Labyrinths: Visual Symbols in Natural Vistas, a Tool for Transformation
By Serena Sage
Labyrinths are a metaphor for life. Their appearance belies their use. It is only when we look beyond appearances that the complexity of their meaning, use and purpose can be fullly realized.
Labyrinths are shaped either circular, like a flattened spiral, square or octagonal. They are most often found in natural vistas yet some are on objects and in or on church floors. The rational linear mind tends to pull us into believing that what we see is all there is. Or that what the eye sees must be analyzed by the mind to find the real meaning. Labyrinths, however, are created in such a way as to invite the viewer to be a participant in an experience that is visual and more.
The center or core of a labyrinth acts as a vortex of energy which to some represents the sacred, the inner self, the oneness, the soul, the infinite, the mystery, the unity of one with all, the eternal and wholeness.
The outer layers or circles to some represent the external world, the earth, the personality, the ego, or physical/mental/emotional aspects of the self.
As a tool for transformation, the labyrinth can help us to connect these parts of ourselves, unifying them into wholeness. The labyrinth can move us through the outer layers of ourselves into inner peace, a sacred space.
Labyrinths have a unicursal path, one entrance, no blocks to moving inward to a center and one exit. The form is as familiar as molecules, atoms, cells, the sun, moon and earth. The most frequent circular designs are either three-seven-or eleven rings. .. Research around the globe has sited labyrinths in open fields in Israel, and inside and outside churches in France and Italy.
The earliest wall labyrinth is believed to be at
St. Lucca Cathedral in Italy dating from the ninth century.

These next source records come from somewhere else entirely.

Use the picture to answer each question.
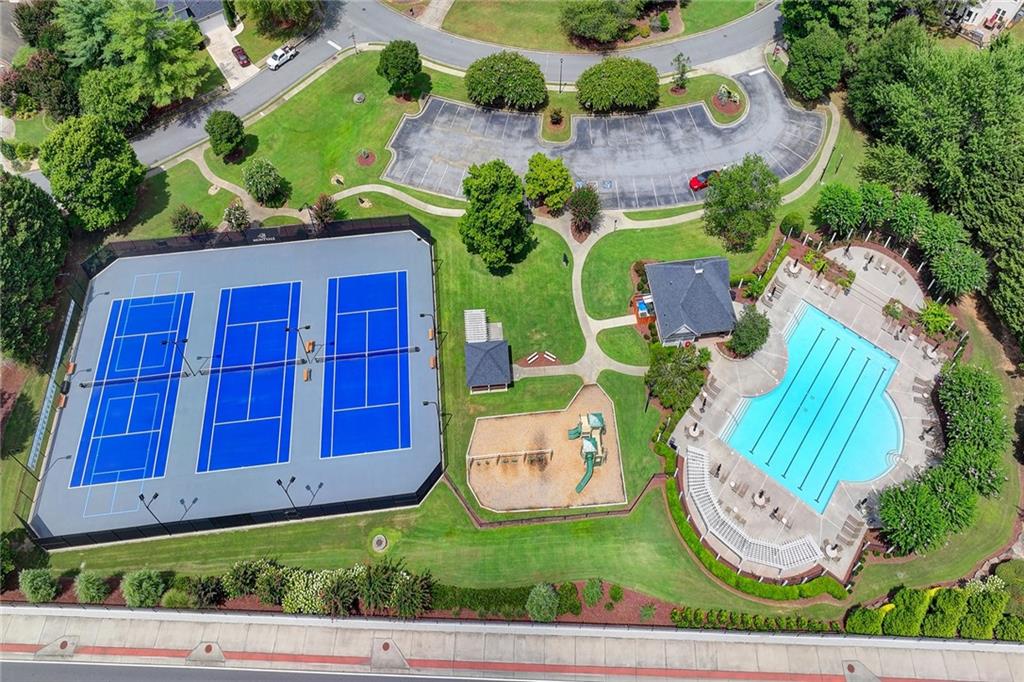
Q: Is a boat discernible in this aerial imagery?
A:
No
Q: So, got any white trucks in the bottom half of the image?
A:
No
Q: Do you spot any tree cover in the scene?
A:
Yes
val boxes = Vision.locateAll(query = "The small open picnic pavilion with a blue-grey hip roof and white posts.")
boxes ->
[465,339,511,398]
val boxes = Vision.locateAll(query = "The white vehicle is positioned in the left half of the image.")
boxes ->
[266,45,300,69]
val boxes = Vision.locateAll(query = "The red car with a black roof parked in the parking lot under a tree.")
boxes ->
[690,170,721,189]
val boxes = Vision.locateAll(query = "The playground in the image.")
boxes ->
[466,382,628,513]
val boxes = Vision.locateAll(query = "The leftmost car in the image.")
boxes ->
[232,46,251,67]
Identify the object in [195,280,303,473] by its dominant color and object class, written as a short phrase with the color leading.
blue tennis court
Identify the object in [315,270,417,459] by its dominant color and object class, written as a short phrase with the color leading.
blue tennis court
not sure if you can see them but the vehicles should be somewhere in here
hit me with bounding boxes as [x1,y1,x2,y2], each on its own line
[232,46,251,67]
[266,45,300,69]
[690,170,721,189]

A rock carving at Luzzanas in Sardinia, dating from 2500-2000 B.C.E. is the Cretan labyrinth or classical seven-circuit labyrinth. The 7-circuit labyrinth, in existence at least 4,000 years is a pattern found carved on stones and ancient coins in Northern Europe and Scandinavia and on basketry among the Native American Hopi, Tohono, Otam and Pima tribes.

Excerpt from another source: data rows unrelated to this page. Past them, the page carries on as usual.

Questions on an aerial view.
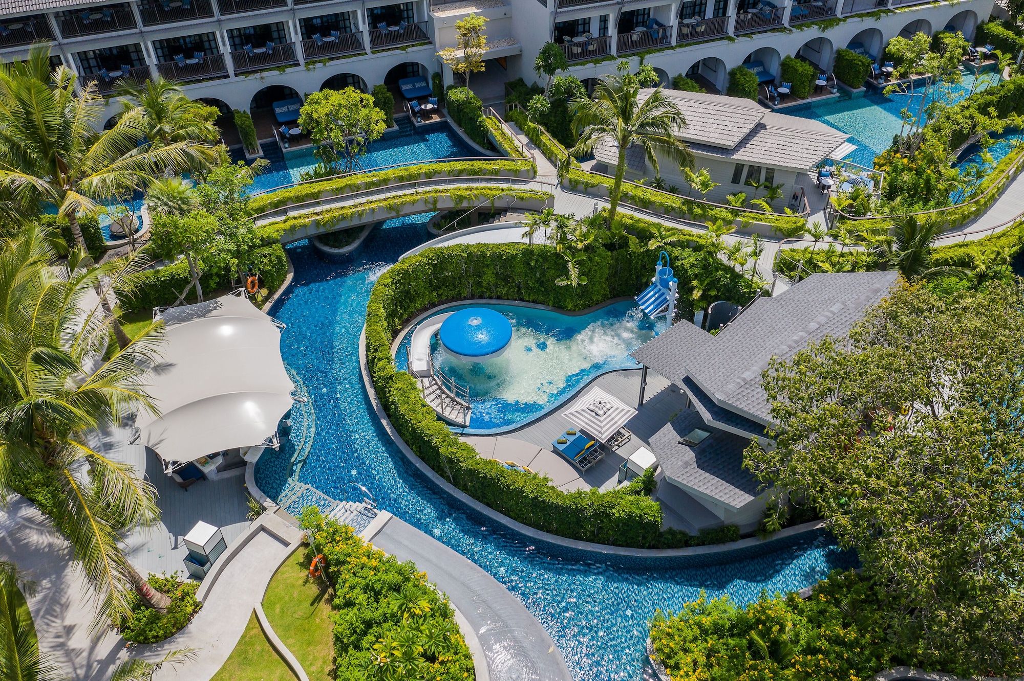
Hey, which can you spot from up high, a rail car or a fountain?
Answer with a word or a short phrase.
fountain
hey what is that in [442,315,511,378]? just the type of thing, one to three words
fountain
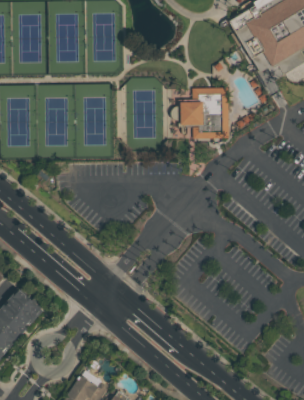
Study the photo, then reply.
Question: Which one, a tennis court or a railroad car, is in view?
tennis court
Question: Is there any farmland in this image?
No
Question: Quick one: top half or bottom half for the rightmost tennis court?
top
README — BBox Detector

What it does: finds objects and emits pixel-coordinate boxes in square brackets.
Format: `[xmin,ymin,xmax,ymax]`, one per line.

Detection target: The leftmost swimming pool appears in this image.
[98,358,116,382]
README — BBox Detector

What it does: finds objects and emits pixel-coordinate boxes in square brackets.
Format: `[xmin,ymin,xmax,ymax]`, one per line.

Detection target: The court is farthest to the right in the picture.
[126,77,162,150]
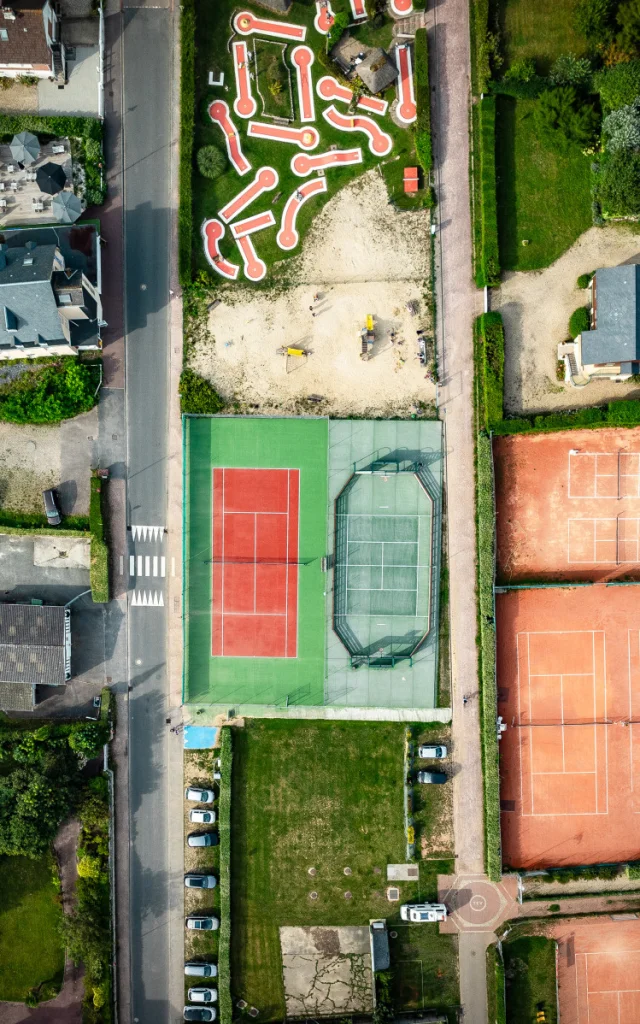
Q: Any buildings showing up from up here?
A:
Yes
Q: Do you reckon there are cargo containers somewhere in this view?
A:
No
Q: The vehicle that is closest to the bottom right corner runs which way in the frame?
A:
from left to right
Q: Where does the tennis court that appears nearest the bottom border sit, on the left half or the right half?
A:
right
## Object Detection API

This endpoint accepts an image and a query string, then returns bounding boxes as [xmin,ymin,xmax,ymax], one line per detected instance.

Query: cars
[187,829,219,847]
[187,983,218,1002]
[183,1001,217,1021]
[185,912,220,932]
[417,768,448,785]
[418,742,447,759]
[185,784,216,803]
[43,489,64,526]
[184,871,217,890]
[188,806,217,824]
[184,958,218,978]
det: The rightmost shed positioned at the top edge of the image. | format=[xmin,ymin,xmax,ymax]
[356,48,399,96]
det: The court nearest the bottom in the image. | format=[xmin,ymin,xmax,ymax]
[557,915,640,1024]
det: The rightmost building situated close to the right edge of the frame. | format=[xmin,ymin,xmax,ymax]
[557,261,640,384]
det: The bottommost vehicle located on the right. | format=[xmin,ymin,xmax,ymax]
[400,900,448,921]
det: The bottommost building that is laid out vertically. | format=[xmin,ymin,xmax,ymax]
[371,917,389,1018]
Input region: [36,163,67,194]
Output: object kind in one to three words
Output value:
umbrella
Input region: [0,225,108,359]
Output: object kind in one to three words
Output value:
building
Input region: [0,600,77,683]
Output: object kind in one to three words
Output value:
building
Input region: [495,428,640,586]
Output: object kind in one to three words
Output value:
tennis court

The oldest known church labyrinth dates from 328 A.D. in an Algerian church, the Basilica of Reparatus in El-Asnam. The Middle Ages brought forth the Chartres pattern, with eleven circuits, 6 petals in the center and lunations, cusps and foils, around the perimeter, still visible in the Cathedral of Notre Dame built in 1201 in Chartres, France.
Labyrinths are made of many materials. Outdoors, some paths are outlined in stone, while others are carved into stone. Early Roman labyrinths were made of mosaic tile. There are Turf labyrinths found throughout England, Scandinavia and Germany made from mounds of earth covered with grass.

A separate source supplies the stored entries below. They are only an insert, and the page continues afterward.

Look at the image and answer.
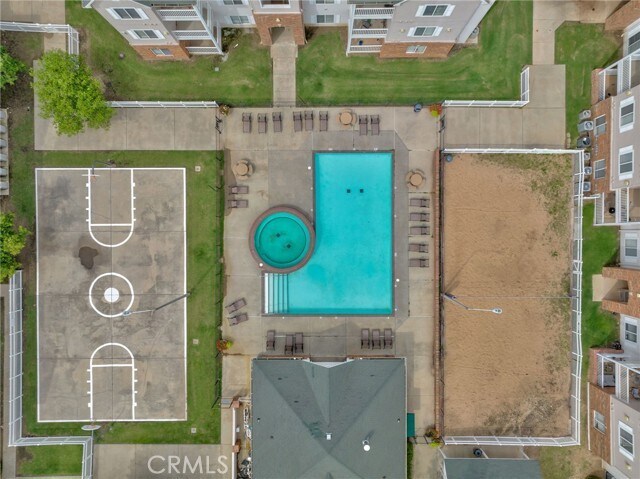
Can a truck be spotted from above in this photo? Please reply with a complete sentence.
No, this view has no truck in it.
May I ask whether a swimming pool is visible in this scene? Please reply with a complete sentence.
Yes, this view includes a swimming pool.
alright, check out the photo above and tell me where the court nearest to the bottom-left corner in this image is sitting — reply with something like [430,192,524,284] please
[35,167,188,421]
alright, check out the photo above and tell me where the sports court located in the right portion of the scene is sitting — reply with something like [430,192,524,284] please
[443,151,574,438]
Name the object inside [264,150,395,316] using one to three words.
swimming pool
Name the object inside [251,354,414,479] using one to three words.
building
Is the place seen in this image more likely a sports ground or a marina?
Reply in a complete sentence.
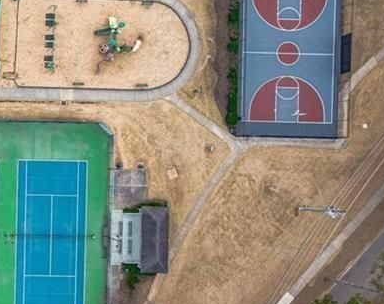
The area seen from above is a sports ground.
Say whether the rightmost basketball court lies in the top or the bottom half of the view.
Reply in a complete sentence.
The rightmost basketball court is in the top half of the image.
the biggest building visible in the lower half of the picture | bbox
[118,206,169,273]
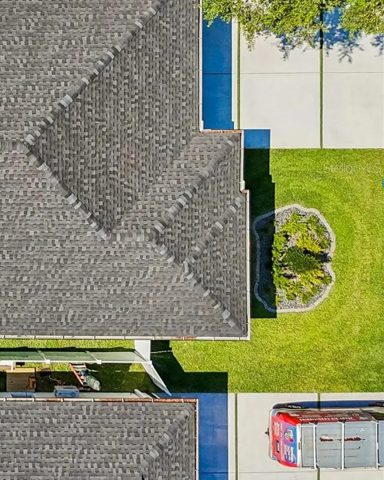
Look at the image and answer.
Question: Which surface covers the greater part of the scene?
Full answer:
The bulk of the photo consists of buildings.
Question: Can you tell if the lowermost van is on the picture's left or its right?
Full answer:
The lowermost van appears in the right half of the scene.
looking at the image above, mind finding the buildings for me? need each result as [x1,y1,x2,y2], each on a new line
[0,0,250,340]
[0,390,198,480]
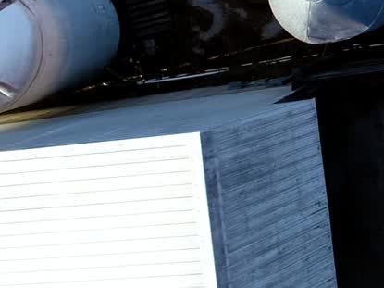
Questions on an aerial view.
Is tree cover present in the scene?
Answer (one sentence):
No, there's no tree cover in this view.
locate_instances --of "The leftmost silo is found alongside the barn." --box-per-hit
[0,0,116,113]
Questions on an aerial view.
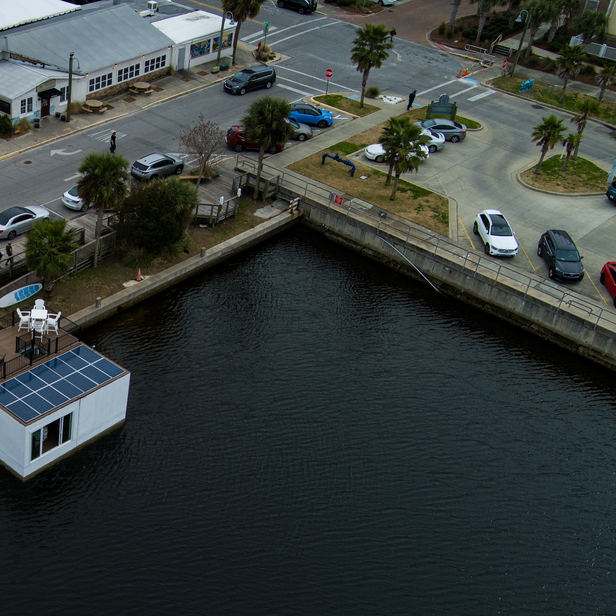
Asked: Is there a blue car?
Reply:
Yes
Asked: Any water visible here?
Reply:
Yes
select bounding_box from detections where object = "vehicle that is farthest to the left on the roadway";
[0,202,53,240]
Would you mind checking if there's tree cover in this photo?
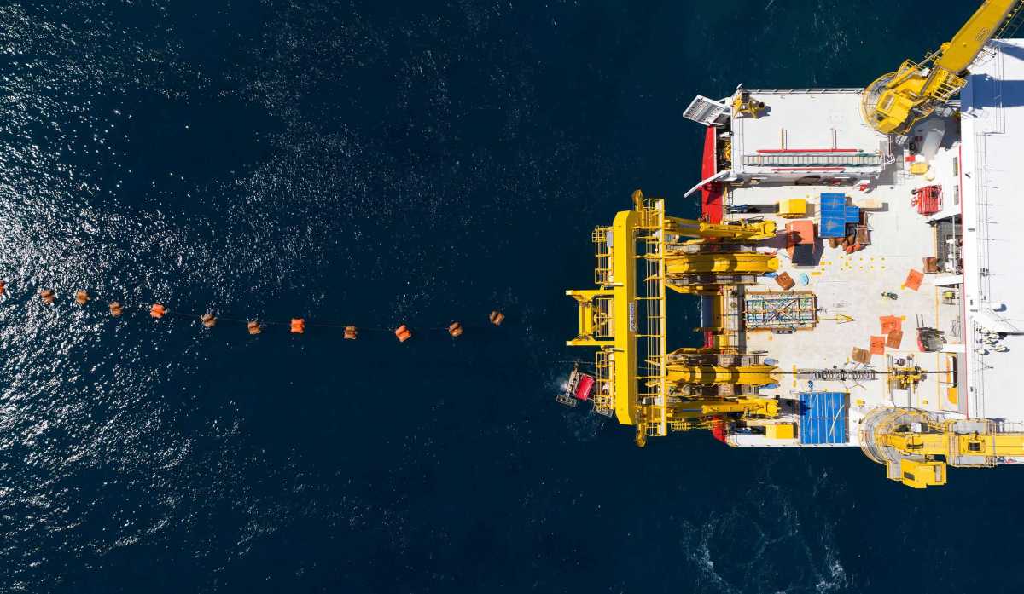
No
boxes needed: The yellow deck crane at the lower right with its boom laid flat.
[850,401,1024,489]
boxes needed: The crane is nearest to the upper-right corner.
[860,0,1024,137]
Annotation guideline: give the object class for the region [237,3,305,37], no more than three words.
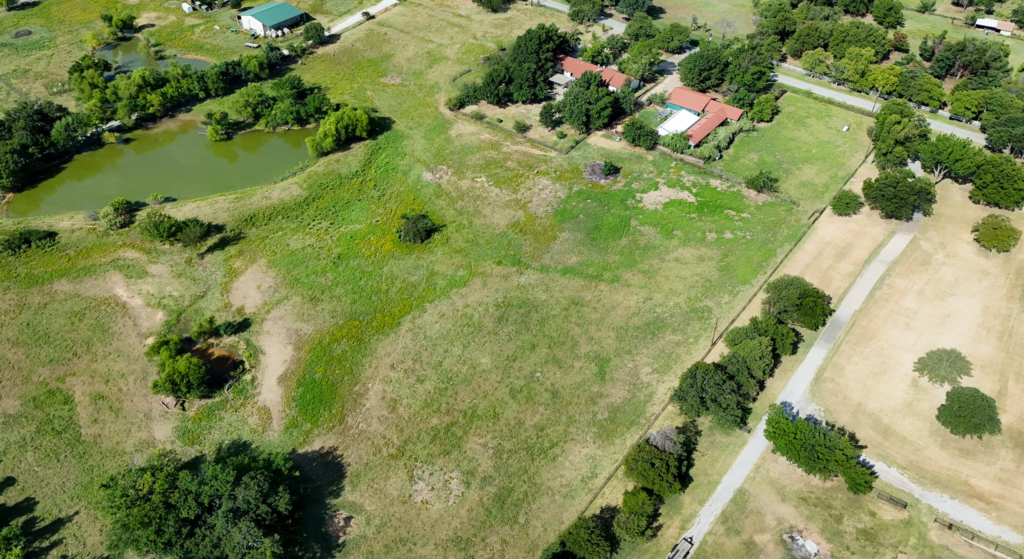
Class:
barn
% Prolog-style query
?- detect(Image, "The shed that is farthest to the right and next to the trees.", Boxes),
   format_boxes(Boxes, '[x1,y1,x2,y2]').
[976,16,1018,37]

Walking the labyrinth is a journey outside linear time. The process of walking the connected rings involves the walker in an experience beyond the visual one to one beyond the five senses. Immersed outside linear time, the walker can feel the unity and wholeness of self, as if self can be felt in a single moment across time.
For a world becoming increasingly aware of the sacred and the spiritual, the invisible personal connection with the Divine, the labyrinth can be a spiritual tool for transformation. The energy of the form draws the walker into a place where we can let go of the thinking mind which tends to attach to the past, particularly its pains and unforgiveness, and release into the intuitive and imaginative.
Dr. Lauren Artress who has revived the labyrinth as a contemporary tool for transformation, believes it, it serves as an entry way to the unseen world where we can find, once again, the invisible connection with the great -grandmother.
The thread is that which connects the one with the whole, the spider with the web, the thinking rational linear mind with the larger intuitive invisible consiousness.
We believe our senses tell us all there is. Yet, beyond what we know of ourselves and our world, lies what we don't know. Through the labyrinth, we can connect to the shadow aspect of ourselves, parts we do not know that sometimes shapes and motivates us. In our willingness to go into the shadow and be aware of what is there, we bring this aspect to light. The labyrinth journey is a symbol for this inner exploration and transformation.
According to Artress, a pschotherapist and priest, the individually disowned shadow is the engine behind collective racial hatred, homophobia and religious wars. As we know the shadow self, we develop a knowing between the light and the shadow, the personal the universal. We see our fears clearly and begin to sense where we are being unloving of our ourselves and others. This awareness re-focuses our attention to the center of ourselves rather than misplacing it externally to other people or other things. The labyrinth as a metaphor connects the individual to the universal, the center to the whole. As we are able and willing to see this of ourselves we can then see this for the whole of life.
As we see ourselves walking with others on the path of the labyrinth we may realize we are all on the path together, the path of life, and know through the experience our joining instead of our separation so we may create a workable civilization for the 21st century.